ChatGPT Plus at $20 per month is the entry point. It gives you Codex with GPT-4o and the o-series models. For engineers using Codex as an occasional tool, a few tasks a week, the Plus tier is sufficient. Rate limits are real but not punishing for moderate use.

ChatGPT Pro at $200 per month is a significant jump. It adds GPT-5 access, higher rate limits, and priority access to the strongest o-series models. For engineers running Codex for several hours a day, or using cloud agents to parallelize work across multiple tasks, Pro can pay for itself in recovered time. For occasional users, it’s hard to justify. The price gap between Plus and Pro is steeper than the equivalent gap in Claude’s plan structure, where Claude Pro sits at $17/month and Claude Max starts at $100.

Business, Edu, and Enterprise plans include Codex access with shared rate limits and admin-level controls. Enterprise pricing is negotiated and includes SSO, audit logging, and data processing agreements that Plus and Pro don’t provide.

The API key path is available for users who want pay-as-you-go billing rather than a subscription. At GPT-5 pricing this can get expensive quickly for heavy agentic use, since long sessions consume significant context. The subscription path is almost always cheaper for daily use.

There’s no free tier for Codex. You need a paid ChatGPT plan to use it, which puts it in the same position as Claude Code in terms of barrier to entry. Google Jules has a free tier with 15 tasks per day; for developers who want to try an agent before committing money, Jules is currently the better entry point.

Where Codex wins and where it doesn’t

Codex wins on model flexibility. The ability to dial between fast GPT-4o for routine work and deliberate o4 reasoning for architectural decisions in the same tool is genuinely useful. Claude Code’s model selection is improving but still less granular.

Codex wins on cloud agents. Async task delegation with a proper plan-and-approve loop is a complete feature, not a beta. If overnight autonomous work is a workflow you want, Codex has the best implementation of it among terminal agents.

Codex wins on transparency. Open-source code under Apache-2.0 means you can read the framework, submit issues, and in extreme cases fork it. For teams with specific security or compliance requirements, that auditability matters.

Where Codex trails: MCP integration. Claude Code’s MCP support is more mature, with a richer ecosystem of pre-built servers for databases, browsers, and external APIs. Codex has tool-use support but the connector ecosystem is smaller. If your workflow depends on wiring the agent into your actual infrastructure, Claude Code is currently the better choice.

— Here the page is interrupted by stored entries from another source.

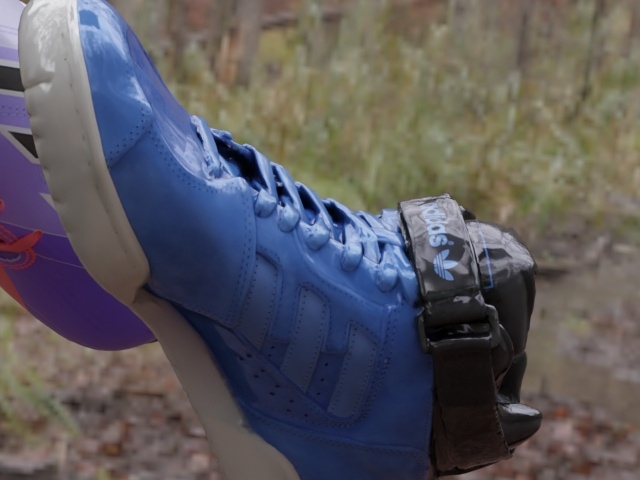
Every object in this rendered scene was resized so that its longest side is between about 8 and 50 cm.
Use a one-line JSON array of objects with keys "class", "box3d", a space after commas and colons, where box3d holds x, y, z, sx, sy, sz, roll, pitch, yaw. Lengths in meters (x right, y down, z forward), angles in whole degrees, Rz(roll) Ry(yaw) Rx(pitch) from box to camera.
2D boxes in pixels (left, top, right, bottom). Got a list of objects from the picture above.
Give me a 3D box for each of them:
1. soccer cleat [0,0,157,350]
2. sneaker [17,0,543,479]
[{"class": "soccer cleat", "box3d": [-0.152, -0.064, 0.601, 0.109, 0.318, 0.116, -18, 30, 25]}, {"class": "sneaker", "box3d": [0.000, -0.001, 0.369, 0.085, 0.152, 0.058, -20, 32, 9]}]
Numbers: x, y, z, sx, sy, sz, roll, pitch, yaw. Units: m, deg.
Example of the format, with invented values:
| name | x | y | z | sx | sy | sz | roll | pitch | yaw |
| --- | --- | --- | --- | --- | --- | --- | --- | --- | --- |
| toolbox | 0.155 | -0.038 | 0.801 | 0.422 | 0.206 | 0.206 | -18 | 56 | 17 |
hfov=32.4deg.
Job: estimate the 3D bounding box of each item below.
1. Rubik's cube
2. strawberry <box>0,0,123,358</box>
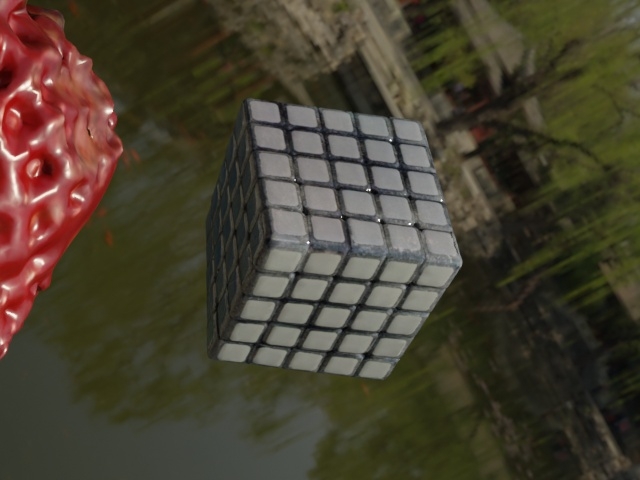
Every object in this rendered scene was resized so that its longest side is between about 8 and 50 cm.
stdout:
| name | x | y | z | sx | sy | sz | roll | pitch | yaw |
| --- | --- | --- | --- | --- | --- | --- | --- | --- | --- |
| Rubik's cube | 0.000 | 0.000 | 1.302 | 0.237 | 0.238 | 0.237 | 115 | -25 | -46 |
| strawberry | -0.313 | -0.032 | 0.780 | 0.317 | 0.295 | 0.345 | 51 | 43 | -63 |
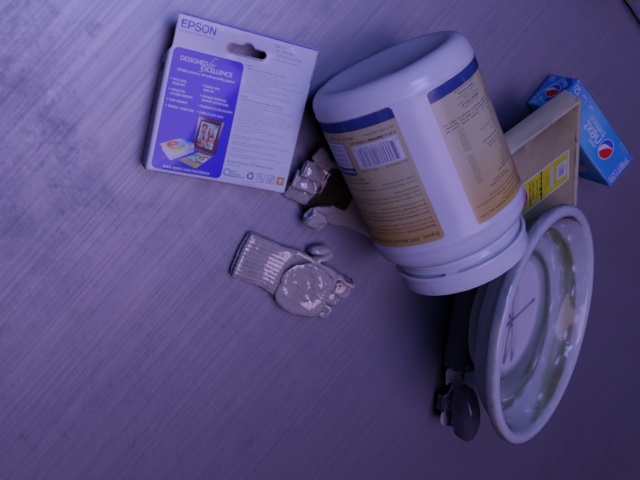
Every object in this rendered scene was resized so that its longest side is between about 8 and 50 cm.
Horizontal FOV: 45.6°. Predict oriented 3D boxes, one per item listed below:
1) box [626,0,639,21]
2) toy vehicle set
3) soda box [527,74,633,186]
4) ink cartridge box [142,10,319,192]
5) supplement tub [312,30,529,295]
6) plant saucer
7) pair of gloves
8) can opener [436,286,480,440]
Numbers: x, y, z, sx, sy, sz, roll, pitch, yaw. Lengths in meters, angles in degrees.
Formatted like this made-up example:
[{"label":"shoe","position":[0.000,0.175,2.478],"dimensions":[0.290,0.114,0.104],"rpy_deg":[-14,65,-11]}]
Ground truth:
[{"label":"box","position":[0.604,-0.413,1.325],"dimensions":[0.178,0.042,0.109],"rpy_deg":[39,87,-32]},{"label":"toy vehicle set","position":[0.353,-0.097,1.249],"dimensions":[0.166,0.035,0.266],"rpy_deg":[-35,141,-14]},{"label":"soda box","position":[0.446,-0.186,1.302],"dimensions":[0.067,0.071,0.210],"rpy_deg":[-50,122,-4]},{"label":"ink cartridge box","position":[-0.120,-0.180,1.025],"dimensions":[0.206,0.045,0.208],"rpy_deg":[8,104,-29]},{"label":"supplement tub","position":[0.149,-0.104,1.067],"dimensions":[0.228,0.228,0.316],"rpy_deg":[-31,111,-15]},{"label":"plant saucer","position":[0.338,0.130,1.267],"dimensions":[0.400,0.101,0.400],"rpy_deg":[-22,118,-48]},{"label":"pair of gloves","position":[0.000,0.000,1.151],"dimensions":[0.204,0.042,0.240],"rpy_deg":[34,90,-32]},{"label":"can opener","position":[0.267,0.210,1.328],"dimensions":[0.076,0.095,0.283],"rpy_deg":[-2,108,-28]}]
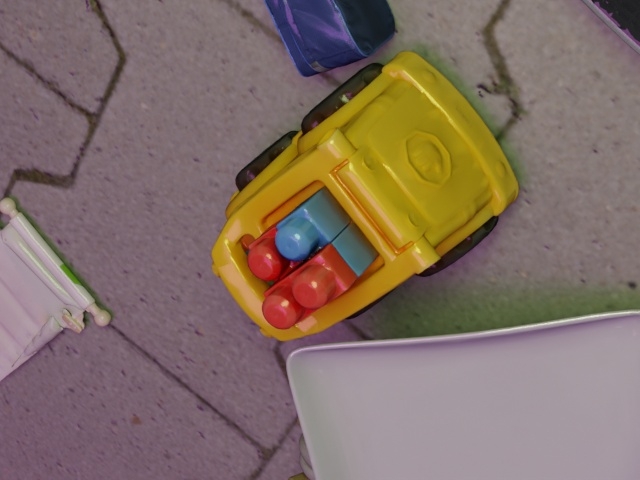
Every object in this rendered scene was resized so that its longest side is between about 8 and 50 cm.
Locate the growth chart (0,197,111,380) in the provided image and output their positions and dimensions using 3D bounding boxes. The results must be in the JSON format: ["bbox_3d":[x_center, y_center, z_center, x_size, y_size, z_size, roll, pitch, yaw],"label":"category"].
[{"bbox_3d":[-0.321,0.052,1.290,0.237,0.021,0.172,-30,98,39],"label":"growth chart"}]

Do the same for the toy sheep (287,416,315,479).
[{"bbox_3d":[0.021,0.177,1.114,0.091,0.091,0.132,22,119,19],"label":"toy sheep"}]

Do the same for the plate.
[{"bbox_3d":[0.135,0.179,1.035,0.278,0.045,0.277,-7,115,13],"label":"plate"}]

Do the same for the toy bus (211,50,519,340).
[{"bbox_3d":[0.000,0.000,0.948,0.149,0.211,0.220,51,131,-6],"label":"toy bus"}]

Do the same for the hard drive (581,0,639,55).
[{"bbox_3d":[0.256,-0.160,0.802,0.254,0.054,0.172,40,130,5],"label":"hard drive"}]

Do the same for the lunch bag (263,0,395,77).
[{"bbox_3d":[-0.002,-0.168,0.943,0.065,0.067,0.098,-16,106,36],"label":"lunch bag"}]
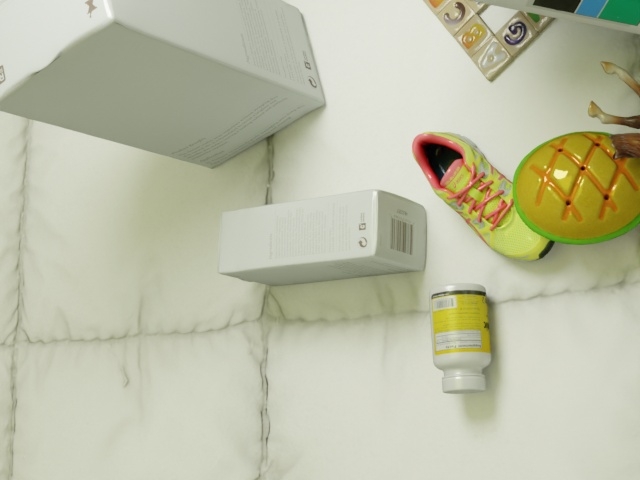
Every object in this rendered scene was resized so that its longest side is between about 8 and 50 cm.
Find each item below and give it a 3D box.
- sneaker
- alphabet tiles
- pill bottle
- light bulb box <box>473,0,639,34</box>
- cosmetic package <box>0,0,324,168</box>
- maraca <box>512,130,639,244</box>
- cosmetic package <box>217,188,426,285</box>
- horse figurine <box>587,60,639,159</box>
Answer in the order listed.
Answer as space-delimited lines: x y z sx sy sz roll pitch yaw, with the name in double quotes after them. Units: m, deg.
0.172 -0.051 1.288 0.208 0.094 0.081 44 105 33 "sneaker"
0.206 -0.336 1.376 0.198 0.009 0.237 -45 58 21 "alphabet tiles"
0.155 0.109 1.285 0.065 0.065 0.116 -11 74 34 "pill bottle"
0.226 -0.417 1.089 0.361 0.225 0.357 12 76 2 "light bulb box"
-0.200 -0.226 1.415 0.217 0.385 0.156 -26 66 29 "cosmetic package"
0.292 -0.059 1.204 0.186 0.099 0.127 -9 70 9 "maraca"
0.000 0.000 1.391 0.231 0.117 0.085 -5 77 34 "cosmetic package"
0.377 -0.184 1.171 0.175 0.066 0.263 19 83 17 "horse figurine"
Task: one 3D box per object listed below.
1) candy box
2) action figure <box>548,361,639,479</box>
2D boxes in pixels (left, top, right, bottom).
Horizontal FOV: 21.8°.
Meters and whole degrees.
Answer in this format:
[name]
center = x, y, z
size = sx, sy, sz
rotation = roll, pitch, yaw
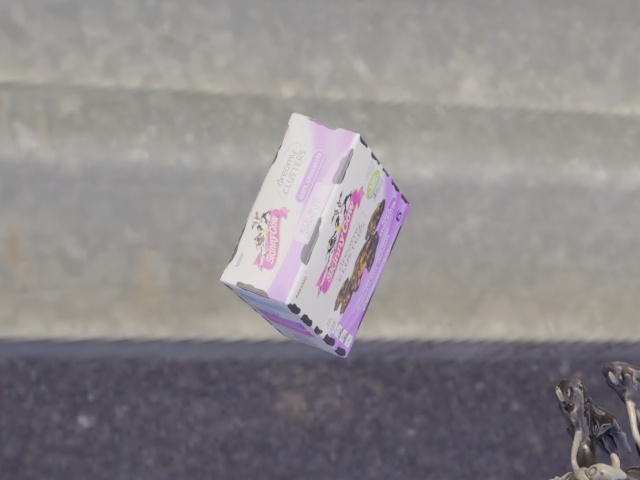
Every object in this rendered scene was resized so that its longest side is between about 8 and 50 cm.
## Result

Codex also trails on hook-based automation. Claude Code’s lifecycle hooks that fire shell commands on events like post-edit or pre-commit are well-tested and documented. Codex’s equivalent is functional but less flexible for power users who want to automate their own post-processing.

Who Codex is built for

The clearest fit is an engineer who already pays for ChatGPT Plus and wants to start using a coding agent at no additional cost. The on-ramp is frictionless: you’re already authenticated, the model quality is excellent, and the tool is a one-command install away. That “free upgrade” framing is Codex’s strongest acquisition advantage.

The second strong fit is anyone who wants async task delegation. If your workflow includes handing off well-scoped tasks to run while you focus on higher-priority work, the cloud agent is the most polished implementation of that pattern in the market. You queue work, approve plans, review results. The overhead per task is low.

Open-source-minded teams will also find Codex compelling in ways Claude Code can’t match. Being able to read the source, submit patches, and know exactly how the agent processes your files and credentials is a meaningful comfort for security-conscious organizations.

For engineers who want the deepest integration with external tools via MCP, or who are already heavily invested in Anthropic’s model ecosystem, Claude Code is still the better fit today. For a wider comparison of coding agents, the best AI agent for coding guide maps the full field.

Codex vs the alternatives

Codex vs Claude Code

Claude Code came first and it shows in the ecosystem. MCP integration is richer, the hook system is more powerful for automation-minded users, and the CLAUDE.md persistent memory system has had more time to mature. On raw multi-file reasoning quality, the two tools are close enough that which one wins depends heavily on the specific task and codebase.

The real differentiators run in both directions. Codex has cloud agents and an open-source CLI; Claude Code has a more mature tool ecosystem and tighter model-agent integration. Pricing is similar at the entry tier: $20 for ChatGPT Plus, $20 for Claude Pro (or $17 annual). The Pro tiers diverge sharply: Claude Max at $100 versus ChatGPT Pro at $200.

If you’re already in the OpenAI ecosystem and pay for ChatGPT, Codex is the obvious call. If you want the deepest agentic tooling and the most mature hooks and MCP support, Claude Code still leads. The Claude Code vs Cursor head-to-head covers Claude Code’s positioning in the editor-versus-agent debate in more detail.

Codex vs Google Jules

Google Jules takes a fundamentally different approach. It’s GitHub-issue-first: you assign an issue to Jules, it plans the work, executes it in a cloud VM, and opens a PR. That workflow is elegant for teams whose work lives in GitHub issues. Jules has a free tier at 15 tasks per day, which Codex and Claude Code don’t offer.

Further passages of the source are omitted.